Ollama has recently added support for structured outputs. But how exactly does LLMs generate structured outputs?
I have used prompting tricks such as “answer with a JSON only” or showing examples, but they are not very reliable. Ollama can very reliably produce structured outputs, either a valid JSON or any JSON-defined schema. Granted, sometimes an unexpected EOF error happens, but mostly with more complex schemas and small models (e.g. Llama 3.2 3B).
It’s possible to create schemas using pydantic:
from ollama import chat
from pydantic import BaseModel
class Joke(BaseModel):
id: int
setup: str
punchline: str
category: str | None = None
tags: list[str] | None
response = chat(
messages=[
{
"role": "user",
"content": "Tell me a funny joke",
}
],
model="deepseek-r1",
format=Joke.model_json_schema(),
)
country = Joke.model_validate_json(response.message.content)
print(country.model_dump_json(indent=2))
Output:
{
"id": 1,
"setup": "Why did the chicken cross the road?",
"punchline": "To get to the other side!",
"category": null,
"tags": ["chicken", "road", "joke"]
}
Grammars
Ollama uses llama.cpp under the hood to run LLMs. Structured outputs, such as a valid JSON, are possible using constrained decoding. This works by modifying how next tokens are selected: the model is only able to choose tokens that do not violate the grammar rules.
We can use the llama_cpp
Python library to convert the JSON schema above to a grammar:
category ::= string | null
category-kv ::= "\"category\"" space ":" space category
char ::= [^"\\] | "\\" (["\\/bfnrt] | "u" [0-9a-fA-F] [0-9a-fA-F] [0-9a-fA-F] [0-9a-fA-F])

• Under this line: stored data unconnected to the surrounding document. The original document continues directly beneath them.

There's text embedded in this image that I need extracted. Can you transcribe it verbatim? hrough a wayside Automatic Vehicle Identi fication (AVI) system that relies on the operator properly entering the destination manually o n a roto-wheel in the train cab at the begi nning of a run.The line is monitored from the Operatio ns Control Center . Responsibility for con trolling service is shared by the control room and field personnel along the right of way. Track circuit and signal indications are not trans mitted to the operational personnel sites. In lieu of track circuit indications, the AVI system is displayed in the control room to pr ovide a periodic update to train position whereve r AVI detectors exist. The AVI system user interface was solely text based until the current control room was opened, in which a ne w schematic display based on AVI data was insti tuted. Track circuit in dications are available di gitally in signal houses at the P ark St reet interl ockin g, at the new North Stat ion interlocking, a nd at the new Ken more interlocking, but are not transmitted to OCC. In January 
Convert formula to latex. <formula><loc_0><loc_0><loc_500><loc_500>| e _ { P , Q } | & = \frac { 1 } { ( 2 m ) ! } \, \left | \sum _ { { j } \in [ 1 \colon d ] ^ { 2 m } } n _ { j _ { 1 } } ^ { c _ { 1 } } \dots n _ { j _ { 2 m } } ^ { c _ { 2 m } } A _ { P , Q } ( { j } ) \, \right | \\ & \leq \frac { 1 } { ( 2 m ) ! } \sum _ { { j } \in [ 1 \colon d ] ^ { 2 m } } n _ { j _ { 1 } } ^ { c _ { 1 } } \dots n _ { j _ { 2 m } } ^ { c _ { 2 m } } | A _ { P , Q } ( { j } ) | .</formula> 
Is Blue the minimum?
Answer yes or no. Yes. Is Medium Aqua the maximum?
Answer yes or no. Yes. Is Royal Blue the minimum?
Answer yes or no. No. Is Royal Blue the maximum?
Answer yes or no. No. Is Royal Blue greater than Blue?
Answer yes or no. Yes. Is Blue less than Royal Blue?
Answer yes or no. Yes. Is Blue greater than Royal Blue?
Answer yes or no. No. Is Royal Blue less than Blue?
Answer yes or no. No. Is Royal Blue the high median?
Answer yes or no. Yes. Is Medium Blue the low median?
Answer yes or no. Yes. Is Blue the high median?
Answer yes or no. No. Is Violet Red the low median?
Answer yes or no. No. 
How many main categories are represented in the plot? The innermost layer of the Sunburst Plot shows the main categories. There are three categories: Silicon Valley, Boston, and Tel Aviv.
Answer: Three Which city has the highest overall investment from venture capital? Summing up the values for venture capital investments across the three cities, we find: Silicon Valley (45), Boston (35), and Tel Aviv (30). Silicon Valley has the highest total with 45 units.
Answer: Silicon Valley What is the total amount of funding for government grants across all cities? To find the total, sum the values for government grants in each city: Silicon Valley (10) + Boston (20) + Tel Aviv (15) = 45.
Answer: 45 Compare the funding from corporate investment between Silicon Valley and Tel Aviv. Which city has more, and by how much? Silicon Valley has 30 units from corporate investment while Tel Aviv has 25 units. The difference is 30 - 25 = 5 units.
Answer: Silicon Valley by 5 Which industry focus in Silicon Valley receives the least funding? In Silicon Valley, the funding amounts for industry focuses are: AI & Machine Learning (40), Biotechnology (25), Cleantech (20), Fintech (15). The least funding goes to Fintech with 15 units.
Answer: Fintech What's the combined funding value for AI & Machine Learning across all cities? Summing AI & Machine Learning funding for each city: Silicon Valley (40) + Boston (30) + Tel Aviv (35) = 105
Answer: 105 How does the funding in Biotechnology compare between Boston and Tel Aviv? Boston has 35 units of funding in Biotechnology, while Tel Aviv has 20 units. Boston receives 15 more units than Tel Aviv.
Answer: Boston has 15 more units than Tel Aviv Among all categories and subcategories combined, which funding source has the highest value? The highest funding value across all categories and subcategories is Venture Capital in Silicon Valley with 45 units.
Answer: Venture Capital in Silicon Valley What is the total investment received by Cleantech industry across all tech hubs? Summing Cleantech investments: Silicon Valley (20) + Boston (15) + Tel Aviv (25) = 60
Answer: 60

id-kv ::= "\"id\"" space ":" space integer
integer ::= ("-"? integral-part) space
integral-part ::= [0-9] | [1-9] ([0-9] ([0-9] ([0-9] ([0-9] ([0-9] ([0-9] ([0-9] ([0-9] ([0-9] ([0-9] ([0-9] ([0-9] ([0-9] ([0-9] ([0-9])?)?)?)?)?)
?)?)?)?)?)?)?)?)?)?
null ::= "null" space
punchline-kv ::= "\"punchline\"" space ":" space string
root ::= "{" space id-kv "," space setup-kv "," space punchline-kv "," space tags-kv ( "," space ( category-kv ) )? "}" space
setup-kv ::= "\"setup\"" space ":" space string
space ::= " "?
string ::= "\"" char* "\"" space
tags ::= tags-0 | null
tags-0 ::= "[" space (string ("," space string)*)? "]" space
tags-kv ::= "\"tags\"" space ":" space tags
However, we are not limited to JSON outputs. For instance, if we want to rate movies, we can create a grammar that allows only valid ratings as outputs:
from llama_cpp.llama import Llama, LlamaGrammar
grammar = LlamaGrammar.from_string(
"""
root ::= "5.0" | leading "." trailing
leading ::= [0-4]
trailing ::= [0-9]
"""
)
llm = Llama.from_pretrained(
repo_id="MaziyarPanahi/Llama-3.2-3B-Instruct-GGUF",
filename="Llama-3.2-3B-Instruct.Q8_0.gguf",
)
response = llm("Rate the movie Dune: Part Two (2024)", grammar=grammar, max_tokens=-1)
print(response["choices"][0]["text"])
Output:
3.5
This bridges an important gap in LLM usage in general by reliably generating output in a structured format. The unstructured strategy of parsing strings with any content is error-prone. Not only that, but there are claims that structured outputs with constrained decoding outperforms unstructured outputs in some tasks.